The researchers conducted a nested case-control study within two large population-based cohorts in Shanghai to prospectively assess the risk for liver cancer by combining quantitative HBsAg level and viral load.

The study comprised 211 patients with liver cancer and 221 controls who were seropositive for HBsAg and followed for cancer occurrence every 2 to 3 years from 2000 to 2011.

Compared with controls, patients with liver cancer had lower family income (P = .05) and education level (P < .01), less vegetable intake (318.2 vs. 361.2 g/day; P = 0.2), and were more likely to have a history of chronic liver disease (48.34% vs. 15.84%; P < .01), family history of liver cancer (15.17% vs. 6.33%; P < .01), and a positive HBeAg status (37.91% vs. 5.88%; P < .01).

In three adjusted models, risk for liver cancer correlated positively with increased levels of HBV DNA (all, P < .01) and HBsAg (P < .01 to P = .03) in dose-response manners.

Compared with patients with HBV DNA less than 2,000 IU/mL, liver cancer risk increased among those with HBV DNA between 2,000 IU/mL and 19,999 IU/mL (OR = 2.11; 95% CI, 0.99-4.5) and those with HBV DNA higher than 20,000 IU/mL (OR = 3.12; 95% CI, 2.19-4.44).

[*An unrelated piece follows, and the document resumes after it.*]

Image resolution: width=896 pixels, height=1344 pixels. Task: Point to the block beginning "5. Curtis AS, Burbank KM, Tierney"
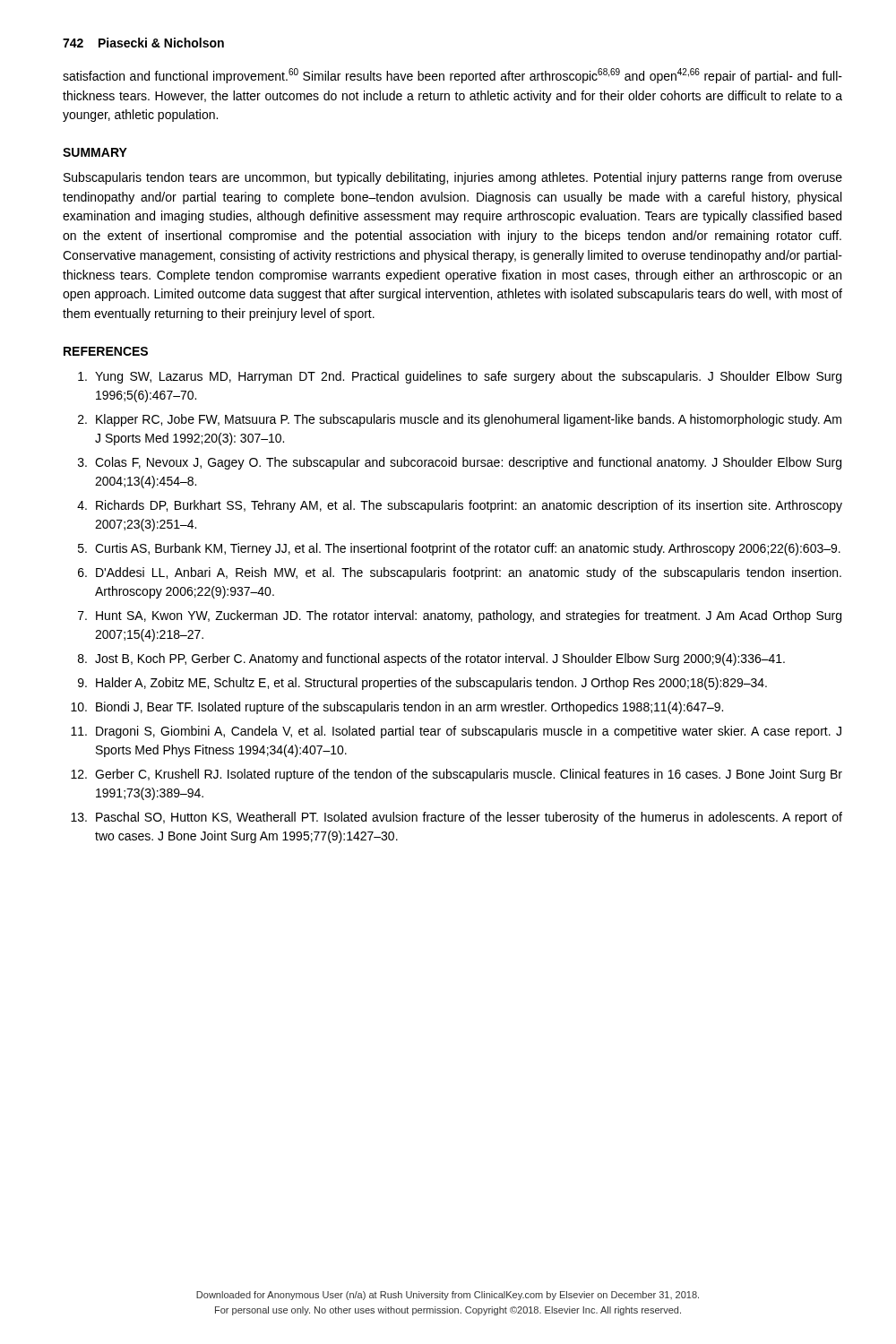[452, 548]

Similarly, compared with patients with HBsAg levels of 0.05 IU/mL to 99 IU/mL, liver cancer risk increased among those with HBsAg levels of 100 IU/mL to 999 IU/mL (OR = 1.82; 95% CI. 0.9-3.68) and those with HBsAg levels higher than 1,000 IU/mL (OR = 2.21; 95% CI, 1.1-4.43).

The researchers stratified HBsAg cut-off levels by HBV DNA for liver cancer risk. Among patients with HBV DNA less than 2,000 IU/mL, those with HBsAg levels of 100 IU/mL or higher (OR = 1.98; 95% CI, 0.96-4.11) and those with HBsAg levels of 1,000 IU/mL and higher (OR = 1.05; 95% CI, 0.42-2.59) both had an increased risk for liver cancer.

Additionally, among patients with HBV DNA higher than 2,000, liver cancer risk increased among those with HBsAg levels higher than 100 IU/mL (OR = 3.72; 95% CI, 1.17-11.82) compared with less than 100 IU/mL and among those with HBsAg levels higher than 1,000 IU/mL (OR = 2.6; 95% CI, 1.11-6.05) compared with those with less than 1,000 IU/mL.

“We observed a positive correlation between HBV DNA and HBsAg levels,” the researchers concluded. “Previous studies indicated that the correlation changed during the natural history of HBV infection, higher at HBeAg-positive phase, lower at HBeAg-negative phase and the lowly replicative phase, which was consistent with our findings.” – by Talitha Bennett

Disclosure: Healio.com/Hepatology was unable to determine relevant financial disclosures at the time of publication.